We currently have augmented intelligence systems that provide help and support to their human counterparts, making them even better at their existing jobs. We're already seeing these augmented intelligence systems in a wide range of industries, such as healthcare, finance, retail and manufacturing, with AI systems adding value to daily human activities. Over the past few decades, we have seen technology move humans away from less productive areas of work to areas of higher-level value and strategy. No doubt, the introduction of AGI systems will do the same. Rather than a humanless and fully autonomous enterprise, the AGI-enabled enterprise will have a blend of AI systems side by side with their human counterparts.

In another form, these augmented intelligence systems will perform fully autonomous tasks that offload capabilities humans would otherwise do.

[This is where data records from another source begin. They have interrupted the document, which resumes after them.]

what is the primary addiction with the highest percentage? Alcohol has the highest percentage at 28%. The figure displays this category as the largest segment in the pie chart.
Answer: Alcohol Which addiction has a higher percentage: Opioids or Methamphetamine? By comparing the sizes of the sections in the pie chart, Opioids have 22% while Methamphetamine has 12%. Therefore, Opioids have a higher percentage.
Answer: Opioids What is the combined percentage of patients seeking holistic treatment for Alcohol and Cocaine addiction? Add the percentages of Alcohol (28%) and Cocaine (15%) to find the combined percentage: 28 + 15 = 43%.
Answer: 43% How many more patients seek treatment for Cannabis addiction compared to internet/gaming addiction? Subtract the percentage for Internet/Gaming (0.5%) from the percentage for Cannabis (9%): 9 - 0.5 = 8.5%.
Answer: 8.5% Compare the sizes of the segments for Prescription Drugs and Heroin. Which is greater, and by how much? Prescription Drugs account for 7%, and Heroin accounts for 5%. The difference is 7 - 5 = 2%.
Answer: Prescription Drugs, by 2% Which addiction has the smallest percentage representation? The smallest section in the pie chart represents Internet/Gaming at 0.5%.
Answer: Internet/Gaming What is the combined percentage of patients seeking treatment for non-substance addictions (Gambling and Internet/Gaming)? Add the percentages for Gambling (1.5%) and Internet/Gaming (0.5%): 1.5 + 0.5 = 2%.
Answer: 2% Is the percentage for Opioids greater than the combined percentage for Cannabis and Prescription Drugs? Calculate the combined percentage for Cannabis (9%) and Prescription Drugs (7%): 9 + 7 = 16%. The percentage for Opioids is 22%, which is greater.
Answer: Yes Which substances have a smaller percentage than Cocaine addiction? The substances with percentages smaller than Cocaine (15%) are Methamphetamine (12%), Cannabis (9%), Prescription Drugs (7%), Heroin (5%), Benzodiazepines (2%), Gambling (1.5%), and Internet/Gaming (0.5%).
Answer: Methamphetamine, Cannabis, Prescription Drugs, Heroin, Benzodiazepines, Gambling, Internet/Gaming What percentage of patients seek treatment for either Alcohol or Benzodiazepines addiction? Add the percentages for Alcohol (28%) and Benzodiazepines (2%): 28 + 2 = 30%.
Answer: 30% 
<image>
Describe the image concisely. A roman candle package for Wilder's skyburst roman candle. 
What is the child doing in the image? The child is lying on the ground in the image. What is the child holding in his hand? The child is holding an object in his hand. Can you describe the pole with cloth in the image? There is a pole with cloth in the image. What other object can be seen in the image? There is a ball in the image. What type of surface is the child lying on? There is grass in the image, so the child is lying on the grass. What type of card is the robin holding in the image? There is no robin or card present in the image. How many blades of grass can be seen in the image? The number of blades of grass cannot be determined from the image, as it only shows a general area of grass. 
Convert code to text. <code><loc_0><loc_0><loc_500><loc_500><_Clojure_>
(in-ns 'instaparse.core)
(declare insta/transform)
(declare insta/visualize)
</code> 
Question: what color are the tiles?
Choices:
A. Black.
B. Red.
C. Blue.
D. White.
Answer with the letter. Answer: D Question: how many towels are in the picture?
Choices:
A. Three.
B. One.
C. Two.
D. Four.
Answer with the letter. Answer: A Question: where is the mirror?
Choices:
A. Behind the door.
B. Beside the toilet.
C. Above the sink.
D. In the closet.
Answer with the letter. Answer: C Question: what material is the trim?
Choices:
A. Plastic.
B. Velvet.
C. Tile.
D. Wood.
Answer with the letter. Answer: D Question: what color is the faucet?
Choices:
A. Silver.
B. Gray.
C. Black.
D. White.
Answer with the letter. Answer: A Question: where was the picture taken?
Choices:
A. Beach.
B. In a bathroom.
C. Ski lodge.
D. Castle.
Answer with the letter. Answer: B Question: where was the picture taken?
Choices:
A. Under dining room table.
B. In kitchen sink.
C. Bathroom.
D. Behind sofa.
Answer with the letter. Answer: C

We're already seeing these autonomous helpers operate in warehouses and logistics handling routing and delivery tasks. In the not-too-distant future, your next food and purchase deliveries might come from a fully autonomous bot.

While there are some who fear what could be possible when AI systems become "superintelligent," there are others that see the benefits AGI systems will provide enterprises that utilize their strengths. Understanding what's possible and how organizations can truly benefit from AGI will help continue to push investment, research and interest in this area.